* [TASK STATEMENT]:
Only lines containing the word "Team" belong in the answer; copy each one from the records.

* [RECORDS SHOWN]:
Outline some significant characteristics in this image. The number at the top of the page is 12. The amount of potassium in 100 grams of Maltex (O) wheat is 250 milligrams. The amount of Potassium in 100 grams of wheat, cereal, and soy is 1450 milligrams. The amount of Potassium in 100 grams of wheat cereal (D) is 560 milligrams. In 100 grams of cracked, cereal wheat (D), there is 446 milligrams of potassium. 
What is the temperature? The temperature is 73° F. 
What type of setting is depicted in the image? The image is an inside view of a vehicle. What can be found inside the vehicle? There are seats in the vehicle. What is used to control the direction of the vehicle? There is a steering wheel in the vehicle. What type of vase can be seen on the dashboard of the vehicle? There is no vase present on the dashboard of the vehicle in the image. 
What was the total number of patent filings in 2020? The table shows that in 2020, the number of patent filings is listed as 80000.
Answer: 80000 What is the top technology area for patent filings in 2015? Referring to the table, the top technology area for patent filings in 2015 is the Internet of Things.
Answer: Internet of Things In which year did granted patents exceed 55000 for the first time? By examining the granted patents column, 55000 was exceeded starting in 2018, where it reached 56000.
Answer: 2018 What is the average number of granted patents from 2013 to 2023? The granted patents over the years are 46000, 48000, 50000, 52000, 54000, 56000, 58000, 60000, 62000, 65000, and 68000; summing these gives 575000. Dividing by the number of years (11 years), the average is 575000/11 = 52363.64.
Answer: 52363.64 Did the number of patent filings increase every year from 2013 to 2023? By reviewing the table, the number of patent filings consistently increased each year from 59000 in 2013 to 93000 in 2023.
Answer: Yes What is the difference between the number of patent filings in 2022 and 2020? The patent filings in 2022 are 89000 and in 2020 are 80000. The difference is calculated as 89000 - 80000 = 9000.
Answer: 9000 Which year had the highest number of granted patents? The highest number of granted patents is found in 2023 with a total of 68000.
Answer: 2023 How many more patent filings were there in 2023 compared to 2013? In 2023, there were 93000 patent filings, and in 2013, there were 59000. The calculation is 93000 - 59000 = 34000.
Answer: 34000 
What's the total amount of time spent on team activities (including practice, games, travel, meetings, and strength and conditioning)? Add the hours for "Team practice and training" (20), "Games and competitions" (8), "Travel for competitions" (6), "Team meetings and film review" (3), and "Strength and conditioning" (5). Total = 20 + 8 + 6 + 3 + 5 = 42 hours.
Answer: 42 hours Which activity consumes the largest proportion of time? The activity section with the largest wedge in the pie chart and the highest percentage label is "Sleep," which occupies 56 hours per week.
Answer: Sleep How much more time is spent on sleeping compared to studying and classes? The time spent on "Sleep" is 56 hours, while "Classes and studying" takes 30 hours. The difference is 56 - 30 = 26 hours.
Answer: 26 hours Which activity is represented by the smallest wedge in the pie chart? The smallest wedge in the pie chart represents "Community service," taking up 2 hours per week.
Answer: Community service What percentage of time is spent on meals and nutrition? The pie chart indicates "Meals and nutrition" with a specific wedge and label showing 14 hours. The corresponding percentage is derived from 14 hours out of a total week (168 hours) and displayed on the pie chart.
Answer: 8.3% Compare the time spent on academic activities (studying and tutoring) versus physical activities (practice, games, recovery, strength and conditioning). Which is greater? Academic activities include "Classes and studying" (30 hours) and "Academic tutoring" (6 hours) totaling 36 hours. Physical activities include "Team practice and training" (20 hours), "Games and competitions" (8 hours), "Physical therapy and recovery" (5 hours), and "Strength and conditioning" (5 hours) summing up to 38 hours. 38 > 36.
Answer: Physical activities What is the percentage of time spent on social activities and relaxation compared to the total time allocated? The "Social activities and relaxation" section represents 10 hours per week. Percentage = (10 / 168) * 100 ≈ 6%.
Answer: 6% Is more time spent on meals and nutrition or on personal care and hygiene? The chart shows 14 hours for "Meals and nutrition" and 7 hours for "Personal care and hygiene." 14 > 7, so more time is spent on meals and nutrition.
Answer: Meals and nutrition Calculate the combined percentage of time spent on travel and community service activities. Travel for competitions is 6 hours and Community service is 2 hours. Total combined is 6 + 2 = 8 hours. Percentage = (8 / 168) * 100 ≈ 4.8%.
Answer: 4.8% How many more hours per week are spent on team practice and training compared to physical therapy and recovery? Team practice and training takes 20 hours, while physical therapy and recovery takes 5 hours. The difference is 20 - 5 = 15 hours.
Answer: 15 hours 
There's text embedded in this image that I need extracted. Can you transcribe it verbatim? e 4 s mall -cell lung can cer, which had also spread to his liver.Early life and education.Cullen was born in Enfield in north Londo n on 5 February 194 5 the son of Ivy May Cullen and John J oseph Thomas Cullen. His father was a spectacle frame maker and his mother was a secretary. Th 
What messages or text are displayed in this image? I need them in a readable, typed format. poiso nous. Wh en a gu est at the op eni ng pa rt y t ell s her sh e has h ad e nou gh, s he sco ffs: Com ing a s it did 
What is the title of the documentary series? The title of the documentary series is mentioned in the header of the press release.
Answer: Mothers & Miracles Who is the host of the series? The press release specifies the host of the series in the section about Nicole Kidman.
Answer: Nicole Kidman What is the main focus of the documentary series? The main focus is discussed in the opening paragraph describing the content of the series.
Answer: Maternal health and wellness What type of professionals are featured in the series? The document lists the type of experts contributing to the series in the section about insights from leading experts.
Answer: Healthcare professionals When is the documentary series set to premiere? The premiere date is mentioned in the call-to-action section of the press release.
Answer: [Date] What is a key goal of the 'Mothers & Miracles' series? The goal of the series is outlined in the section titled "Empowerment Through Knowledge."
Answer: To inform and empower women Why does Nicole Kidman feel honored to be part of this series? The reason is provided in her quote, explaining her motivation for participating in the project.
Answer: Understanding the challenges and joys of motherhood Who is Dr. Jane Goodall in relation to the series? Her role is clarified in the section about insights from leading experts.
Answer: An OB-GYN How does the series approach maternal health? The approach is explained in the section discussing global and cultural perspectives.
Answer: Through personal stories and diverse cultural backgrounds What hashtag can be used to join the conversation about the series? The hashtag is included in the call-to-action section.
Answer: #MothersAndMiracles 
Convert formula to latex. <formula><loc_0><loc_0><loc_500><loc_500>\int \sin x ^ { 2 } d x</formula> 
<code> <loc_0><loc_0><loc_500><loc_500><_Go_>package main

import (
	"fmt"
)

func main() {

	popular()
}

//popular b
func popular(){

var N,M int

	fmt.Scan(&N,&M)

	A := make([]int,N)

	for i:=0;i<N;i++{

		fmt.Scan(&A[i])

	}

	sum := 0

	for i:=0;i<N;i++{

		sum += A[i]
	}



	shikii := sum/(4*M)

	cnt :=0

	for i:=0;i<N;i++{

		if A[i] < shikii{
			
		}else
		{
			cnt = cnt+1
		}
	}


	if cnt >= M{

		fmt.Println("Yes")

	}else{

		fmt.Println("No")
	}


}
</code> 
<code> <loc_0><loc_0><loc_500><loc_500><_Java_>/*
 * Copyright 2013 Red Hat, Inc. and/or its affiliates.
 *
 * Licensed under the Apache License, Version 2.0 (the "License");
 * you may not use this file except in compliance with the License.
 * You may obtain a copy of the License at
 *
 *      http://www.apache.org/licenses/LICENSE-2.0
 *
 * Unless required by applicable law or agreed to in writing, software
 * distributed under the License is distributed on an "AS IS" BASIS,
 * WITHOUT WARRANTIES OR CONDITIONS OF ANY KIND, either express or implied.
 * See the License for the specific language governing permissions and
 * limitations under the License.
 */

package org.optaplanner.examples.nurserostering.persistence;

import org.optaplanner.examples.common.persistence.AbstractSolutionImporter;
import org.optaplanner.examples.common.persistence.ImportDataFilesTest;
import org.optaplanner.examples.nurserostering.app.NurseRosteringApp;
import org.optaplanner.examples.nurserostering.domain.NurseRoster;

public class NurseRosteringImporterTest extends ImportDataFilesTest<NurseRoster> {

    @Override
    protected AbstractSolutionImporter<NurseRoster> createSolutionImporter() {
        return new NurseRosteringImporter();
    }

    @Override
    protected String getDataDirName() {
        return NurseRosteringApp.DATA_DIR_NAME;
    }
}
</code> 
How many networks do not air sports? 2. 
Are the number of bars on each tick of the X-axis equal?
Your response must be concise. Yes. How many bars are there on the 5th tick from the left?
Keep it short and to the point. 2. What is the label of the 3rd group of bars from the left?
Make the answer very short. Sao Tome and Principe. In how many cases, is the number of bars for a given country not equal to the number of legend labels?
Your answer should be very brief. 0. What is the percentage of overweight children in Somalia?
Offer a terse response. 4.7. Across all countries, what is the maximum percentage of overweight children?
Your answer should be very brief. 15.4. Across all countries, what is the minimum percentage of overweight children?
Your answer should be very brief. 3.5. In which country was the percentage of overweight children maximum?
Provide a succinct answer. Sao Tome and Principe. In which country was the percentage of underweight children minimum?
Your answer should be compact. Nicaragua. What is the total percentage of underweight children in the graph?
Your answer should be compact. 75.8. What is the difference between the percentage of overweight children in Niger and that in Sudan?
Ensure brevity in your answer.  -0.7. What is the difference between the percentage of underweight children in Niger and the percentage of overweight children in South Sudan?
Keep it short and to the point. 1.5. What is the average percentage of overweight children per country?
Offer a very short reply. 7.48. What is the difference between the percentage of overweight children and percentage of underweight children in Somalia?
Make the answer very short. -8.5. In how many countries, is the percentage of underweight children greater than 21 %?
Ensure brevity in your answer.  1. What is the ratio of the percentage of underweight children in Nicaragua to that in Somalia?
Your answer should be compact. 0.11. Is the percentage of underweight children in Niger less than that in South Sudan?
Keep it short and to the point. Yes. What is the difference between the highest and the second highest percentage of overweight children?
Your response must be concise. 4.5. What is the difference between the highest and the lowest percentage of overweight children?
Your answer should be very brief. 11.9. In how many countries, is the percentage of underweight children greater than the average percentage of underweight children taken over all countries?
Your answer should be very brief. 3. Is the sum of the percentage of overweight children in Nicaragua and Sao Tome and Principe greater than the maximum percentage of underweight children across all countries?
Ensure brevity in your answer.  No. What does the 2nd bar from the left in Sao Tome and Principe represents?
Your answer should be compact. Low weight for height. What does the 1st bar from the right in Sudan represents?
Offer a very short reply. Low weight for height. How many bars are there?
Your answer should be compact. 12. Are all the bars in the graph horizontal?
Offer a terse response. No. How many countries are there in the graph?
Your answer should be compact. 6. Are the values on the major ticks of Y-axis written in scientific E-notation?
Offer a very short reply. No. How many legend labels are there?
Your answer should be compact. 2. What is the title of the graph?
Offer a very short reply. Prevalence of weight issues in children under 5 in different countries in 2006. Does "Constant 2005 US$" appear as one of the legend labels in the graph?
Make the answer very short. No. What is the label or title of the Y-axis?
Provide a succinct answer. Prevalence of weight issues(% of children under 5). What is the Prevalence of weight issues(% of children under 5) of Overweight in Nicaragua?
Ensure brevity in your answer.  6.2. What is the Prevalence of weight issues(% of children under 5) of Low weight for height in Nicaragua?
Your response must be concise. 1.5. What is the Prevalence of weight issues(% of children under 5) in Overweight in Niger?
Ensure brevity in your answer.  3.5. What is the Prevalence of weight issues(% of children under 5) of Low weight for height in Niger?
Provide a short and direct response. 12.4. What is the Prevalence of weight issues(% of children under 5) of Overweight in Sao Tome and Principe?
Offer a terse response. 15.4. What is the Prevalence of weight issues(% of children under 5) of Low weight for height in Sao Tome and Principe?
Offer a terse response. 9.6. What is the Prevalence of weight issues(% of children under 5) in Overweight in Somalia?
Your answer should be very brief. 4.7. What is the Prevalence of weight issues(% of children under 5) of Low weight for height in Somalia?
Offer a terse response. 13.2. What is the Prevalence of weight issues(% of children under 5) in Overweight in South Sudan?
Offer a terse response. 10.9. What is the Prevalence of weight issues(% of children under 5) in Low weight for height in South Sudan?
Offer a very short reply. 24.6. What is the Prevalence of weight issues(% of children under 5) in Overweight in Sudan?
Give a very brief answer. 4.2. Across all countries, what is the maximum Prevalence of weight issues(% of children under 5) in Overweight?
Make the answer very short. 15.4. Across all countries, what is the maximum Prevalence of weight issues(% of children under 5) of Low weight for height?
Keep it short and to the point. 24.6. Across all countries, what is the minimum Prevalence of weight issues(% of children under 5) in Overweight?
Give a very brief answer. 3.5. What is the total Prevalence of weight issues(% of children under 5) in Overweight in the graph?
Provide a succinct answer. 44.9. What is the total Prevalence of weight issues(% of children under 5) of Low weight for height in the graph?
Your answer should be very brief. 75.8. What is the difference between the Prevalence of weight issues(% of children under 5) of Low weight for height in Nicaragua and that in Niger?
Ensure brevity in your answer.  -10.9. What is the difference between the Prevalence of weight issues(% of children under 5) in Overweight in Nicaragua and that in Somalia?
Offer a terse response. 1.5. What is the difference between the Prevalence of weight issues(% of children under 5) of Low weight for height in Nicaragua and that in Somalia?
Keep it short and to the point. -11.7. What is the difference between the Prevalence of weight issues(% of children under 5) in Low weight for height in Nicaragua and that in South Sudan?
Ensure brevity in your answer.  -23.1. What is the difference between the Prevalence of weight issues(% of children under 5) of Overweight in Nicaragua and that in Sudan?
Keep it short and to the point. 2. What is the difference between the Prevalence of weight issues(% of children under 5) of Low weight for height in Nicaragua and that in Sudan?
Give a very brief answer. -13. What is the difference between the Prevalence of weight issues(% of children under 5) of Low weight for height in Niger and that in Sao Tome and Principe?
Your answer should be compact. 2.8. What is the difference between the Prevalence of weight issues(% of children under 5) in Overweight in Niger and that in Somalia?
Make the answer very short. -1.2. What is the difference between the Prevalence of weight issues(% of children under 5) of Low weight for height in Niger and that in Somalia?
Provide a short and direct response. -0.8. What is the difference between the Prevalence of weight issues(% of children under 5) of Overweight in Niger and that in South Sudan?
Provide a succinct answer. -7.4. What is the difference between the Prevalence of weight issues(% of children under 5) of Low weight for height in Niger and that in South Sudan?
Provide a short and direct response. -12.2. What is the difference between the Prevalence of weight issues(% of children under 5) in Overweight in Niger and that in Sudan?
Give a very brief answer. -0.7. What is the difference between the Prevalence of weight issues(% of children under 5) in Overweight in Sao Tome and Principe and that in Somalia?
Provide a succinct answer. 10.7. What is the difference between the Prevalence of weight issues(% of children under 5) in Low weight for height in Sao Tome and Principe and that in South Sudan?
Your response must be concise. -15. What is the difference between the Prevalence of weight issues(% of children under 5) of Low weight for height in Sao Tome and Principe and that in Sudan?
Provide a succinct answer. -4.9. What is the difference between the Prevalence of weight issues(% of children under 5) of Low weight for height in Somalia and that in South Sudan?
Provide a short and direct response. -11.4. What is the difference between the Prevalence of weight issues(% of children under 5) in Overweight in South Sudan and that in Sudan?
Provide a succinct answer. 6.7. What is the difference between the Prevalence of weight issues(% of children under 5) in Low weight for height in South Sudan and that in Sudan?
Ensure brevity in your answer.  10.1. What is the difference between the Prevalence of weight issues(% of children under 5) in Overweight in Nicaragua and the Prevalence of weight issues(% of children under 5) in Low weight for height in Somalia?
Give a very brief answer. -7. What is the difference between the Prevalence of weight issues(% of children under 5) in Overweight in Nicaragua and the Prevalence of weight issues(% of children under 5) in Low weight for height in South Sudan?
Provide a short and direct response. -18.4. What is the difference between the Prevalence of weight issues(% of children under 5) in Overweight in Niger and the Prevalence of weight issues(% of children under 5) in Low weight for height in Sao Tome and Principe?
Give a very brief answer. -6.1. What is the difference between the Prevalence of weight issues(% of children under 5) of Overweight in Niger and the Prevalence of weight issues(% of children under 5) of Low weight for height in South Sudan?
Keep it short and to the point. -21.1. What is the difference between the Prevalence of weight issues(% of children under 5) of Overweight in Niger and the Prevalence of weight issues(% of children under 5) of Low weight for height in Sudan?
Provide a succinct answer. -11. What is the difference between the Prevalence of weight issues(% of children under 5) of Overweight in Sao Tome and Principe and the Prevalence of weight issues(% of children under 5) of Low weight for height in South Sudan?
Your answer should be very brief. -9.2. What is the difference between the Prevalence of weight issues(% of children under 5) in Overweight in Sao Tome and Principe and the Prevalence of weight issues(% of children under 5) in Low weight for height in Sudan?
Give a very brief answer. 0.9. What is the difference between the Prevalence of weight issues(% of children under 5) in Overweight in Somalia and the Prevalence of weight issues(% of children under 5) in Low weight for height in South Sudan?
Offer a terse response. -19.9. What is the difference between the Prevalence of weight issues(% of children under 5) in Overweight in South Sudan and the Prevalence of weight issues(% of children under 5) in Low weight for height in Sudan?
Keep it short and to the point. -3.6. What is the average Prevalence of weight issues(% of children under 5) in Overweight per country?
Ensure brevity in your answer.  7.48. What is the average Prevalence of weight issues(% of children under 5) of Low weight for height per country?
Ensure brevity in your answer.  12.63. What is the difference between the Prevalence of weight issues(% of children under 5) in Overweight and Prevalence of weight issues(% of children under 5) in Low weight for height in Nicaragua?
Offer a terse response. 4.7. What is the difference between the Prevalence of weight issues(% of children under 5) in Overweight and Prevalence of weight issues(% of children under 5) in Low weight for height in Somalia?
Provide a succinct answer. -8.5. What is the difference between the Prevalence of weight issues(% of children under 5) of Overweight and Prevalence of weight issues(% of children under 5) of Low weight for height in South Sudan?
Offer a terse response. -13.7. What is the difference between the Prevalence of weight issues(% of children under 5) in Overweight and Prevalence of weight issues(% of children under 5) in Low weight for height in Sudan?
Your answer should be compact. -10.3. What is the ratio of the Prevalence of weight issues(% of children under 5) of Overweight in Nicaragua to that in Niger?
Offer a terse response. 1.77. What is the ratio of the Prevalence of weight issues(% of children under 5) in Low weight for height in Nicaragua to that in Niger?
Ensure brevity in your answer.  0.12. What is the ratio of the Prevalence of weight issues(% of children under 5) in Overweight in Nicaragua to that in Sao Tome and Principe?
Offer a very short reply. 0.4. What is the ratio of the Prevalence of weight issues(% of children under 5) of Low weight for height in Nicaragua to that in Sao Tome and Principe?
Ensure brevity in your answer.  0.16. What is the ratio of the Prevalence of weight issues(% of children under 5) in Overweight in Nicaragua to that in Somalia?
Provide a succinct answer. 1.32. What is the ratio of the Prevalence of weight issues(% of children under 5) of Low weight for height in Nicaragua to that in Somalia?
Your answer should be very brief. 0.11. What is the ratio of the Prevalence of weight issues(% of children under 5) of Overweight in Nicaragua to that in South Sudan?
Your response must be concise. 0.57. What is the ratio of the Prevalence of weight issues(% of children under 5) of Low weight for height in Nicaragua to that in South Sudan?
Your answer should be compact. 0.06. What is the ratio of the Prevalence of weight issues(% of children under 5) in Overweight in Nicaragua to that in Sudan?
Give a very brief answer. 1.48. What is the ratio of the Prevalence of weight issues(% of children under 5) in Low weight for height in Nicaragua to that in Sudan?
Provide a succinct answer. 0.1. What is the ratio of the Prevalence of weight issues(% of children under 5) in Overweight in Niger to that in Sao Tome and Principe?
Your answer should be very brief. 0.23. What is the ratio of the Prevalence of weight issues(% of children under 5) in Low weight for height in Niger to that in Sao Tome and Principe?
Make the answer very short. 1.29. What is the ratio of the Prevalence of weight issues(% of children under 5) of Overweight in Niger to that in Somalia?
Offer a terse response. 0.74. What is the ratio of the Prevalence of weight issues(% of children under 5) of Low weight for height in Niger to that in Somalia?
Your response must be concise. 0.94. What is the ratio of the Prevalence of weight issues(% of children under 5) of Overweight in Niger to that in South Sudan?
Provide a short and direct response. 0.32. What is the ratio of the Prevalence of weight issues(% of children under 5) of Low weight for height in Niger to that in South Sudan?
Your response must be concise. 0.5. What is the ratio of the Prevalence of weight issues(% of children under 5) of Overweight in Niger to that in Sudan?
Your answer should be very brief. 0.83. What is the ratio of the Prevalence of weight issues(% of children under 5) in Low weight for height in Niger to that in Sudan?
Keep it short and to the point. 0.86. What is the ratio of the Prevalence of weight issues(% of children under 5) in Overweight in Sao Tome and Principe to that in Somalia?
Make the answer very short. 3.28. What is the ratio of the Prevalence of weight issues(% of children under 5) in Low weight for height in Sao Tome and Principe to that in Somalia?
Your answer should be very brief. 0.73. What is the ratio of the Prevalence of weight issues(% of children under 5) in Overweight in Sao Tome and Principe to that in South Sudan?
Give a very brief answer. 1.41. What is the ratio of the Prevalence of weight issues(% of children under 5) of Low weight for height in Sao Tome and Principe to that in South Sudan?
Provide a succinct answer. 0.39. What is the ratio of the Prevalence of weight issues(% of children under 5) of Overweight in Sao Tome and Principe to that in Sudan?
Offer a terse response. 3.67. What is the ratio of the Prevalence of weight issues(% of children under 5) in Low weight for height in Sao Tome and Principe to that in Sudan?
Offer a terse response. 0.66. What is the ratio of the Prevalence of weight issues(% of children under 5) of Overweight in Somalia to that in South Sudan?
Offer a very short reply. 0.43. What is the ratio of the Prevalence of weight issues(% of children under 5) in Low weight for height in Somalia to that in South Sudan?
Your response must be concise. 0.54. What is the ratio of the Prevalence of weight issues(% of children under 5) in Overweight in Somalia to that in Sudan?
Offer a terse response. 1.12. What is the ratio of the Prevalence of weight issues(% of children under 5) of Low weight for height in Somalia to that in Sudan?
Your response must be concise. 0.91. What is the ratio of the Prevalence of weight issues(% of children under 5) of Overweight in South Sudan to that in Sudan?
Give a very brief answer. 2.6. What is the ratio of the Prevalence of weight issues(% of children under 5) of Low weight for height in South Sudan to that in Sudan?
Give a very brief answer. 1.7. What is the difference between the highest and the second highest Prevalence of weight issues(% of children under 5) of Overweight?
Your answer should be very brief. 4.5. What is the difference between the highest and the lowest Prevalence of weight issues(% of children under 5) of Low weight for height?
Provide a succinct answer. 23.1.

* [SOLUTION BELOW]:
What's the total amount of time spent on team activities (including practice, games, travel, meetings, and strength and conditioning)? Add the hours for "Team practice and training" (20), "Games and competitions" (8), "Travel for competitions" (6), "Team meetings and film review" (3), and "Strength and conditioning" (5). Total = 20 + 8 + 6 + 3 + 5 = 42 hours.
Answer: 8.3% Compare the time spent on academic activities (studying and tutoring) versus physical activities (practice, games, recovery, strength and conditioning). Which is greater? Academic activities include "Classes and studying" (30 hours) and "Academic tutoring" (6 hours) totaling 36 hours. Physical activities include "Team practice and training" (20 hours), "Games and competitions" (8 hours), "Physical therapy and recovery" (5 hours), and "Strength and conditioning" (5 hours) summing up to 38 hours. 38 > 36.
Answer: 4.8% How many more hours per week are spent on team practice and training compared to physical therapy and recovery? Team practice and training takes 20 hours, while physical therapy and recovery takes 5 hours. The difference is 20 - 5 = 15 hours.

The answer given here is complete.